== YOUR OBJECTIVE ==
Pictures are to be left out; otherwise, copy exactly the lines from the line containing "Example of the" through the end of the data.

Dataset records
::::::::::
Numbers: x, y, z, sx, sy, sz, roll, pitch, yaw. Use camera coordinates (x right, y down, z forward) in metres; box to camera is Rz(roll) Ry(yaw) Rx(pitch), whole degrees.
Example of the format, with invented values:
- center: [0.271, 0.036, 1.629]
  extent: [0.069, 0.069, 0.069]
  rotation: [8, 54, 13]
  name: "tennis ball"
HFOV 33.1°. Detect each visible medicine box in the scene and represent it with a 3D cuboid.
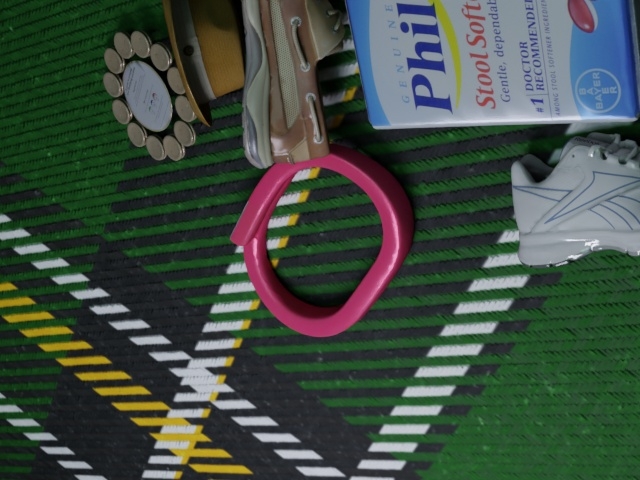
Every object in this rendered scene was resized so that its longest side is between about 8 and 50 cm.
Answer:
::::::::::
== ANSWER AREA ==
Example of the format, with invented values:
- center: [0.271, 0.036, 1.629]
  extent: [0.069, 0.069, 0.069]
  rotation: [8, 54, 13]
  name: "tennis ball"
HFOV 33.1°. Detect each visible medicine box in the scene and represent it with a 3D cuboid.
Every object in this rendered scene was resized so that its longest side is between about 8 and 50 cm.
Answer:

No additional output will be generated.